# Naruto 425 Spoiler Thread



## Vandal Savage (Nov 10, 2008)

*Do not post Babelfish translations.
Predictions and Discussion go in the
Chapter 425 Prediction Thread.

Locked until Wednesday.  Even when it's unlocked, don't just post anything. If you don't have a decent sense that the spoiler is true, post it in the predictions thread.*



Killua said:


> *People are not, under any circumstances, to post any non-spoiler related posts in the Spoilers thread, which includes comments and opinions about a spoiler posted, real or fake. If you think a spoiler's real and need to let the entire world know about it, great, just don't do it in here. Do it in the Prediction Thread. Think a spoiler's fake and want to let it known? Make it in the Prediction Thread. It's that simple.
> 
> But simple's still too complicated for some of the folks around here, so we've had to become stricter here in recent times. So people who ignore these simple rules will get banned, if nothing more for sheer ignorance and utter stupidity. Got a comment or opinion, talk about it in the Predictions Thread.*
> -FitzChivalry and co-signed by the Library slaves moderators​
> ...


----------



## DELAHK (Nov 19, 2008)

*Verification=Confirmed*

*Was in fact posted by Ona*


*Spoiler*: _Japanese script_ 



簡単に 

オビト「里の奴等がなんと言おうと……お前は立派な上忍だ」「俺はもう死ぬ……」「リンを頼む ぜ」 

オビト…… 

お前の目になって先を見据えるのはどうやらここまでのようだ 

リンを守れなかった俺だ 
お前との約束破ってばっかだが許してくれ 

オビト リン 先生 

今からそっちへ行くよ 

暗闇を歩くカカシ 

カカシ「！」 

「カカシか？」 

カカシ「こんなとこにいたんだ……」 

「お前の話を聞かせてくれないか？」 

カカシ「ああ……すごく長くなるからゆっくり話したいんだけど……」 

「ああ、いいさ」 


カカシ笑う 

カカシ「あのね父さん」 


カカシ下を向きもう動かない 

そして阿修羅の頭の一部が地面に落ちる 

～ナルト～ 

融合が出来ない 

キュウビが深作を拒絶するらしい 

ナルト「………」 

ナルト「んなバカなぁ！じゃあ今までのは何！？」 


まだ続くよ
___________________________________________________________

*Another one:*

～木の葉～ 


女ペインがいの達の所に到着 

口寄せの術 

女ペイン変なのを口寄せするも暗部が色々して閉じ込める 

口寄せの術！ 

もう一体召喚していの達に突っ込ませる 

シズネ「何なの！？」 


女ペインがシズネの手にある黒い棒を見る 
「ここか」 

いのいち(ん？) 

いのいち「あいつを見たぞ……だがどういう事だ！？」「あれは死体だった！」 
ここで閉じ込めた口寄せが出てくる 



シズネ「もう少し話を詳しく！何か分かるかも！」 
いのいち「しかしこれでは……」 

イビキ「ここはオレと暗部に任せろ！」 
いのいち「イビキ！」 
シズネ「行きましょう！私たちで招待を暴くんです！」 




木の葉丸「はぁ……はぁはぁ……」 


混沌の中木の葉丸は！？ 

終わりだよー


----------



## Yasha (Nov 19, 2008)

DELAHK said:


> *Spoiler*: _Japanese Script_
> 
> 
> 
> ...



manyou.com put this as confirmed and it matches with the 2 spoiler pics, so I will try to make a rough translation of it.

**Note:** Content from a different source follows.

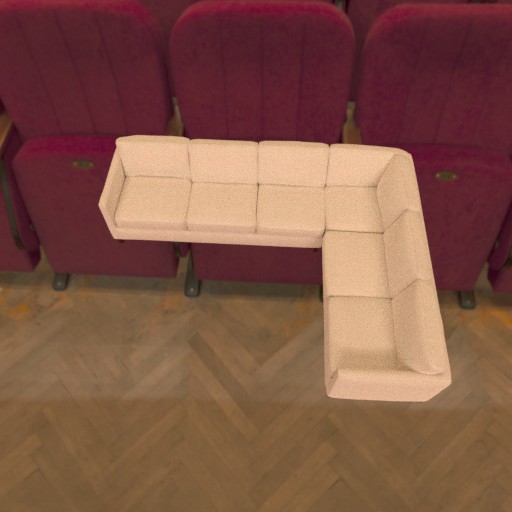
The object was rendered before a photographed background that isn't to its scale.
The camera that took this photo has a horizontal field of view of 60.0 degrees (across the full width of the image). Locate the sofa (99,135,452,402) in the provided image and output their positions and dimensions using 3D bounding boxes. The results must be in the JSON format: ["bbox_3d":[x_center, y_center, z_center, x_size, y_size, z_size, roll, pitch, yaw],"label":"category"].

Obito "I don't care what people in the village'd say...you're a great jounin" "I'm about to die..." "Rin will depend on you from now on"

Obito ...

I can only be your eye this far.
I also failed to keep the promise to protect Rin. Please forgive me.

Obito, Rin, Sensei
I am joining you soon.

Kakashi is walking in the dark.
Kakashi "!"

"Kakashi?"
Kakashi "So you're here..."
"May I hear what happened to your?"
Kakashi "Ah...it's a long story. Let me tell you slowly"
"Ah, alright"
Kakashi smiles.
Kakashi "Dad"

Kakashi's head faces down. Motionless.
A part of Asura's head falls on the ground.

~Naruto~

Fusion is not successful.
The Kyuubi is rejecting Fukasaku.
Naruto "..."
Naruto "How can this be! What have I been working so hard until now for?"

~Konoha~

The female Pain reaches where Ino is.
Kuchiyose no jutsu.
The female Pain summons a strange creature and it's barely restrained by the ANBU.
Kuchiyose no jutsu!
Another one is summoned and it heads towards Ino.
Shizune "What's this?"

Female Pain sees the black rod in Shizune's hand. "So it's here"
Ino's dad (what?)
Ino's dad "I'd seen that girl before...what's going on!?" "That should be the corpse!" 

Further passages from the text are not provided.